Crate chainerror[][src]

chainerror provides an error backtrace without doing a real backtrace, so even after you strip your binaries, you still have the error backtrace.

Having nested function returning errors, the output doesn't tell where the error originates from.

use std::path::PathBuf;

type BoxedError = Box<dyn std::error::Error + Send + Sync>;
fn read_config_file(path: PathBuf) -> Result<(), BoxedError> {
    // do stuff, return other errors
    let _buf = std::fs::read_to_string(&path)?;
    // do stuff, return other errors
    Ok(())
}

fn process_config_file() -> Result<(), BoxedError> {
    // do stuff, return other errors
    let _buf = read_config_file("foo.txt".into())?;
    // do stuff, return other errors
    Ok(())
}

fn main() {
    if let Err(e) = process_config_file() {
        eprintln!("Error:\n{:?}", e);
    }
}

This gives the output:

Error:
Os { code: 2, kind: NotFound, message: "No such file or directory" }

and you have no idea where it comes from.
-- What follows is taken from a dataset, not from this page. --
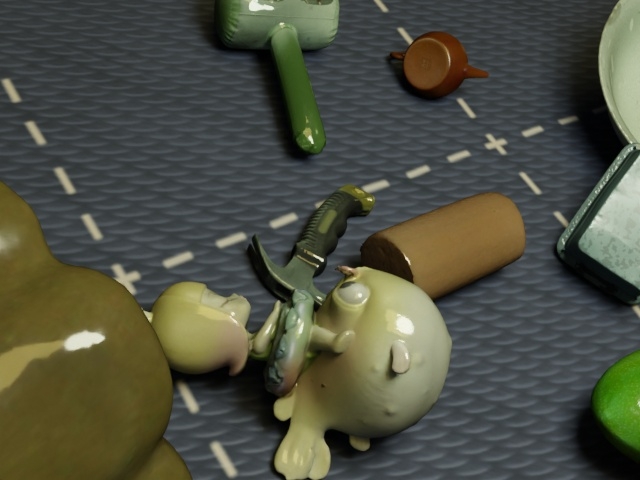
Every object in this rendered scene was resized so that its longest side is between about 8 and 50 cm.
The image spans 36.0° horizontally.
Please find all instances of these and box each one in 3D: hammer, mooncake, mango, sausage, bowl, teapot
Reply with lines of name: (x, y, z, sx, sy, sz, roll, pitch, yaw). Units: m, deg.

With chainerror, you can supply a context and get a nice error backtrace:

use chainerror::prelude::v1::*;
use std::path::PathBuf;

type BoxedError = Box<dyn std::error::Error + Send + Sync>;
fn read_config_file(path: PathBuf) -> Result<(), BoxedError> {
    // do stuff, return other errors
    let _buf = std::fs::read_to_string(&path).context(format!("Reading file: {:?}", &path))?;
    // do stuff, return other errors
    Ok(())
}

fn process_config_file() -> Result<(), BoxedError> {
    // do stuff, return other errors
    let _buf = read_config_file("foo.txt".into()).context("read the config file")?;
    // do stuff, return other errors
    Ok(())
}

fn main() {
    if let Err(e) = process_config_file() {
        eprintln!("Error:\n{:?}", e);
    }
}

with the output:

Error:
examples/simple.rs:14:51: read the config file
Caused by:
examples/simple.rs:7:47: Reading file: "foo.txt"
Caused by:
Os { code: 2, kind: NotFound, message: "No such file or directory" }

chainerror uses .source() of std::error::Error along with #[track_caller] and Location to provide a nice debug error backtrace. It encapsulates all types, which have Display + Debug and can store the error cause internally.

Along with the ChainError<T> struct, chainerror comes with some useful helper macros to save a lot of typing.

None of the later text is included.